Source data
_____
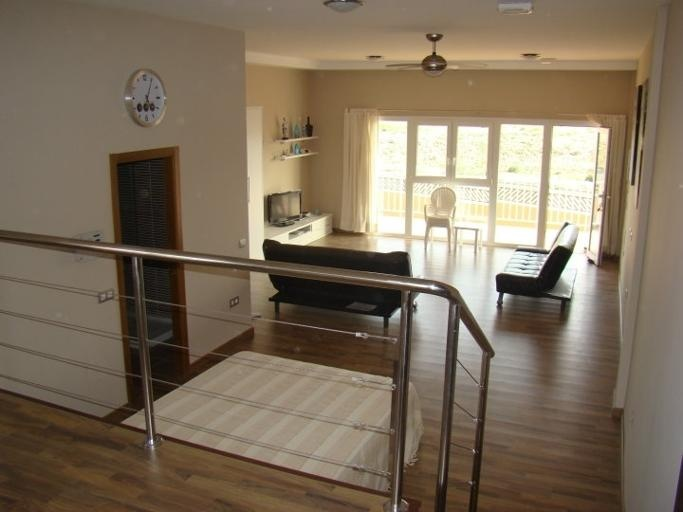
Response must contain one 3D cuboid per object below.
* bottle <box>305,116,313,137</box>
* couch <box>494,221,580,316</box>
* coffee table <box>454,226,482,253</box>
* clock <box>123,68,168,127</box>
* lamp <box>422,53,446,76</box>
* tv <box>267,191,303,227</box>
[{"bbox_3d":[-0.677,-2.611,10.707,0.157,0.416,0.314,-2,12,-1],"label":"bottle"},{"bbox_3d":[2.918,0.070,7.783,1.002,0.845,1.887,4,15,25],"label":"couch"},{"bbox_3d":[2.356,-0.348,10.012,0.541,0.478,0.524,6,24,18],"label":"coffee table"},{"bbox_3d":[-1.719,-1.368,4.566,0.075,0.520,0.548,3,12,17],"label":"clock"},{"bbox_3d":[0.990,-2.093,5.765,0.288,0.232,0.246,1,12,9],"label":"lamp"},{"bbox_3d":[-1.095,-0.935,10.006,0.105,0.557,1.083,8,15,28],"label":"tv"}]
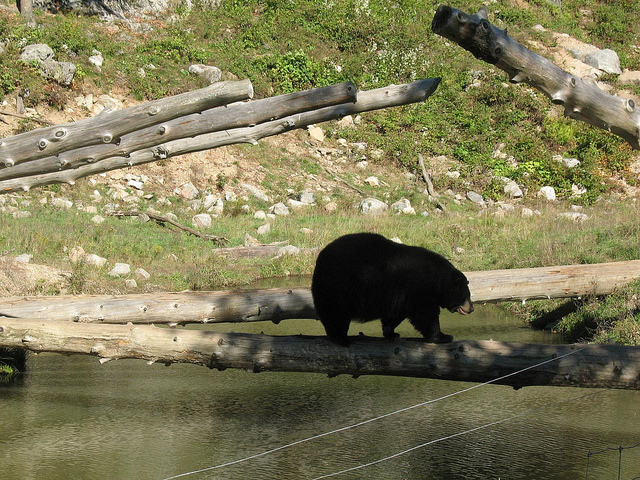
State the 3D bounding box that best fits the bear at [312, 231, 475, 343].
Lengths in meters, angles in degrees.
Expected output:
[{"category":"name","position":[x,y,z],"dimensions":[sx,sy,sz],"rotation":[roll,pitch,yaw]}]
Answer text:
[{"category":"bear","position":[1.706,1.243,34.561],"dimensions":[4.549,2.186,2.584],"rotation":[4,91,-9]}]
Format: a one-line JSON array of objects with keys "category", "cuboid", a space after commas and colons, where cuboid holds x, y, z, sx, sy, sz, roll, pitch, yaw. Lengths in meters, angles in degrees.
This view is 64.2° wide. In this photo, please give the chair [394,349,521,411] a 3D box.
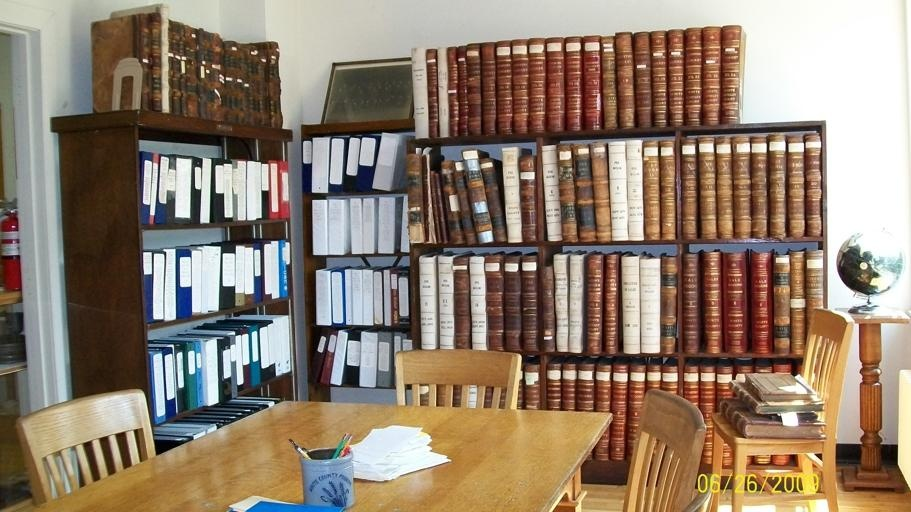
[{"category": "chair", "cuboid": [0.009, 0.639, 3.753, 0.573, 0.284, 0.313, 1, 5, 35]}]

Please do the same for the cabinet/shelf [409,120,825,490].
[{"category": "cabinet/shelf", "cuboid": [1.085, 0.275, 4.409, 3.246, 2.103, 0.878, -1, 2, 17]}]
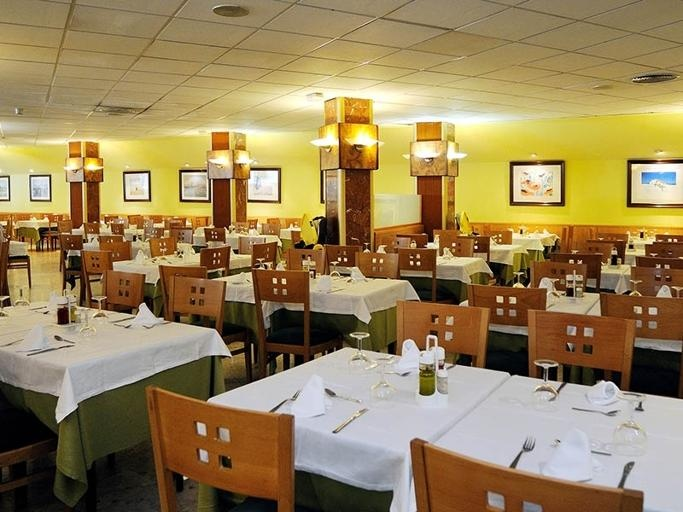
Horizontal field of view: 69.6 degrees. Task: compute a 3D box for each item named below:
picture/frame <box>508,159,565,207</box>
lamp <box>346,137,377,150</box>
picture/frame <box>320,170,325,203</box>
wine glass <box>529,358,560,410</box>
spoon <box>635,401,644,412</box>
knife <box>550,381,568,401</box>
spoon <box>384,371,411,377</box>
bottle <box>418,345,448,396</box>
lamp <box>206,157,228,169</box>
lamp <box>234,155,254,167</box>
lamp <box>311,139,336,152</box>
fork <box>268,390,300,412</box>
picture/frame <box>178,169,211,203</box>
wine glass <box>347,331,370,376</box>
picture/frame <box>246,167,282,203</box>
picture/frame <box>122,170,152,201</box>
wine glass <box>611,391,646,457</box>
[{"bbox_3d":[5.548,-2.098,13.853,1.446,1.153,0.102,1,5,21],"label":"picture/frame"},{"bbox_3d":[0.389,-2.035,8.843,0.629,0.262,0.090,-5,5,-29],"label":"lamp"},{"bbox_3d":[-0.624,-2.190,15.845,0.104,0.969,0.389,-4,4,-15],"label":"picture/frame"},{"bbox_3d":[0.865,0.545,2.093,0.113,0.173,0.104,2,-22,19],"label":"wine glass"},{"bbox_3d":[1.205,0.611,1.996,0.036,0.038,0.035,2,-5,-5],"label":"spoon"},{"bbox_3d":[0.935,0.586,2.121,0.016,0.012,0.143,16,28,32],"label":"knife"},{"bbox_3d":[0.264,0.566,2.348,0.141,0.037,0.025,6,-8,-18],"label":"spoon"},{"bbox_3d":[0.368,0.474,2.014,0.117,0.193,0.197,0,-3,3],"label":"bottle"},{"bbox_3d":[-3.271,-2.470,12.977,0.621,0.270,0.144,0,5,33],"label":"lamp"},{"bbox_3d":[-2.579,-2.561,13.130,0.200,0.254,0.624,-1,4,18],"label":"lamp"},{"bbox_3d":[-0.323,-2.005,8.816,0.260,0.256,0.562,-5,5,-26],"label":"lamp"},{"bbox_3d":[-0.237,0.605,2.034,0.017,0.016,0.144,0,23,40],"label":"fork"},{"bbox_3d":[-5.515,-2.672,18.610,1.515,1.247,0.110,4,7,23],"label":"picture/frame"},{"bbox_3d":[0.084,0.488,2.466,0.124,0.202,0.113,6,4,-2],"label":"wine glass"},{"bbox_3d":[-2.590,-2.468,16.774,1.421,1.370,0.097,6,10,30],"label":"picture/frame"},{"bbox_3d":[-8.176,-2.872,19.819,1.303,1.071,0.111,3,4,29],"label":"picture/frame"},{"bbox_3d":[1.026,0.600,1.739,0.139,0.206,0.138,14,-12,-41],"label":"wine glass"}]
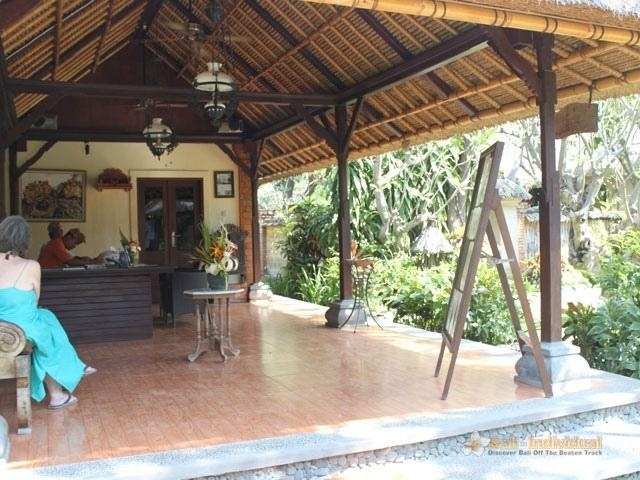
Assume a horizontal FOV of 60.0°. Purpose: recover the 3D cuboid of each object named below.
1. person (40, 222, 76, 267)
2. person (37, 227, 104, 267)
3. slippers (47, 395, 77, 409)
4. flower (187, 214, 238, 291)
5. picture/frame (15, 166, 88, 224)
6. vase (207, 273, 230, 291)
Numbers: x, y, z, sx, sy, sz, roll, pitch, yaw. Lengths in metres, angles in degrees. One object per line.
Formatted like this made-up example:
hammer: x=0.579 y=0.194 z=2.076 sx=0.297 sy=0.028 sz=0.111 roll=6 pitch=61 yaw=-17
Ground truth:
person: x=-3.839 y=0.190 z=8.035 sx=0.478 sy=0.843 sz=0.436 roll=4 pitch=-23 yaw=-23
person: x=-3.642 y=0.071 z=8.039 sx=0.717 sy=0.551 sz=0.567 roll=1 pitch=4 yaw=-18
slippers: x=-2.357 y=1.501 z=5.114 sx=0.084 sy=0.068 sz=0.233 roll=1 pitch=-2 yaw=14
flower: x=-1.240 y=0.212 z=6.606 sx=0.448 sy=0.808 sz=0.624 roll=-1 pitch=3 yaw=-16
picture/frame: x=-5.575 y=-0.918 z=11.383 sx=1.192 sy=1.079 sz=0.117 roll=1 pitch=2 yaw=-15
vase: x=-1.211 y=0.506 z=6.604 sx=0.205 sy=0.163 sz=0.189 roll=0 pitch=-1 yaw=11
_____
## Work request
Each entry above should be copied word for word, with the images omitted.

## Answer section
Response must contain one 3D cuboid per object below.
* bottle <box>305,116,313,137</box>
* couch <box>494,221,580,316</box>
* coffee table <box>454,226,482,253</box>
* clock <box>123,68,168,127</box>
* lamp <box>422,53,446,76</box>
* tv <box>267,191,303,227</box>
[{"bbox_3d":[-0.677,-2.611,10.707,0.157,0.416,0.314,-2,12,-1],"label":"bottle"},{"bbox_3d":[2.918,0.070,7.783,1.002,0.845,1.887,4,15,25],"label":"couch"},{"bbox_3d":[2.356,-0.348,10.012,0.541,0.478,0.524,6,24,18],"label":"coffee table"},{"bbox_3d":[-1.719,-1.368,4.566,0.075,0.520,0.548,3,12,17],"label":"clock"},{"bbox_3d":[0.990,-2.093,5.765,0.288,0.232,0.246,1,12,9],"label":"lamp"},{"bbox_3d":[-1.095,-0.935,10.006,0.105,0.557,1.083,8,15,28],"label":"tv"}]
State the 3D bounding box that best fits the bear at [312, 231, 475, 343].
Lengths in meters, angles in degrees.
Expected output:
[{"category":"name","position":[x,y,z],"dimensions":[sx,sy,sz],"rotation":[roll,pitch,yaw]}]
Answer text:
[{"category":"bear","position":[1.706,1.243,34.561],"dimensions":[4.549,2.186,2.584],"rotation":[4,91,-9]}]
Format: a one-line JSON array of objects with keys "category", "cuboid", a space after commas and colons, where cuboid holds x, y, z, sx, sy, sz, roll, pitch, yaw. Lengths in meters, angles in degrees.
This view is 64.2° wide. In this photo, please give the chair [394,349,521,411] a 3D box.
[{"category": "chair", "cuboid": [0.009, 0.639, 3.753, 0.573, 0.284, 0.313, 1, 5, 35]}]

Please do the same for the cabinet/shelf [409,120,825,490].
[{"category": "cabinet/shelf", "cuboid": [1.085, 0.275, 4.409, 3.246, 2.103, 0.878, -1, 2, 17]}]
Horizontal field of view: 69.6 degrees. Task: compute a 3D box for each item named below:
picture/frame <box>508,159,565,207</box>
lamp <box>346,137,377,150</box>
picture/frame <box>320,170,325,203</box>
wine glass <box>529,358,560,410</box>
spoon <box>635,401,644,412</box>
knife <box>550,381,568,401</box>
spoon <box>384,371,411,377</box>
bottle <box>418,345,448,396</box>
lamp <box>206,157,228,169</box>
lamp <box>234,155,254,167</box>
lamp <box>311,139,336,152</box>
fork <box>268,390,300,412</box>
picture/frame <box>178,169,211,203</box>
wine glass <box>347,331,370,376</box>
picture/frame <box>246,167,282,203</box>
picture/frame <box>122,170,152,201</box>
wine glass <box>611,391,646,457</box>
[{"bbox_3d":[5.548,-2.098,13.853,1.446,1.153,0.102,1,5,21],"label":"picture/frame"},{"bbox_3d":[0.389,-2.035,8.843,0.629,0.262,0.090,-5,5,-29],"label":"lamp"},{"bbox_3d":[-0.624,-2.190,15.845,0.104,0.969,0.389,-4,4,-15],"label":"picture/frame"},{"bbox_3d":[0.865,0.545,2.093,0.113,0.173,0.104,2,-22,19],"label":"wine glass"},{"bbox_3d":[1.205,0.611,1.996,0.036,0.038,0.035,2,-5,-5],"label":"spoon"},{"bbox_3d":[0.935,0.586,2.121,0.016,0.012,0.143,16,28,32],"label":"knife"},{"bbox_3d":[0.264,0.566,2.348,0.141,0.037,0.025,6,-8,-18],"label":"spoon"},{"bbox_3d":[0.368,0.474,2.014,0.117,0.193,0.197,0,-3,3],"label":"bottle"},{"bbox_3d":[-3.271,-2.470,12.977,0.621,0.270,0.144,0,5,33],"label":"lamp"},{"bbox_3d":[-2.579,-2.561,13.130,0.200,0.254,0.624,-1,4,18],"label":"lamp"},{"bbox_3d":[-0.323,-2.005,8.816,0.260,0.256,0.562,-5,5,-26],"label":"lamp"},{"bbox_3d":[-0.237,0.605,2.034,0.017,0.016,0.144,0,23,40],"label":"fork"},{"bbox_3d":[-5.515,-2.672,18.610,1.515,1.247,0.110,4,7,23],"label":"picture/frame"},{"bbox_3d":[0.084,0.488,2.466,0.124,0.202,0.113,6,4,-2],"label":"wine glass"},{"bbox_3d":[-2.590,-2.468,16.774,1.421,1.370,0.097,6,10,30],"label":"picture/frame"},{"bbox_3d":[-8.176,-2.872,19.819,1.303,1.071,0.111,3,4,29],"label":"picture/frame"},{"bbox_3d":[1.026,0.600,1.739,0.139,0.206,0.138,14,-12,-41],"label":"wine glass"}]
Assume a horizontal FOV of 60.0°. Purpose: recover the 3D cuboid of each object named below.
1. person (40, 222, 76, 267)
2. person (37, 227, 104, 267)
3. slippers (47, 395, 77, 409)
4. flower (187, 214, 238, 291)
5. picture/frame (15, 166, 88, 224)
6. vase (207, 273, 230, 291)
Numbers: x, y, z, sx, sy, sz, roll, pitch, yaw. Lengths in metres, angles in degrees. One object per line.
Formatted like this made-up example:
hammer: x=0.579 y=0.194 z=2.076 sx=0.297 sy=0.028 sz=0.111 roll=6 pitch=61 yaw=-17
Ground truth:
person: x=-3.839 y=0.190 z=8.035 sx=0.478 sy=0.843 sz=0.436 roll=4 pitch=-23 yaw=-23
person: x=-3.642 y=0.071 z=8.039 sx=0.717 sy=0.551 sz=0.567 roll=1 pitch=4 yaw=-18
slippers: x=-2.357 y=1.501 z=5.114 sx=0.084 sy=0.068 sz=0.233 roll=1 pitch=-2 yaw=14
flower: x=-1.240 y=0.212 z=6.606 sx=0.448 sy=0.808 sz=0.624 roll=-1 pitch=3 yaw=-16
picture/frame: x=-5.575 y=-0.918 z=11.383 sx=1.192 sy=1.079 sz=0.117 roll=1 pitch=2 yaw=-15
vase: x=-1.211 y=0.506 z=6.604 sx=0.205 sy=0.163 sz=0.189 roll=0 pitch=-1 yaw=11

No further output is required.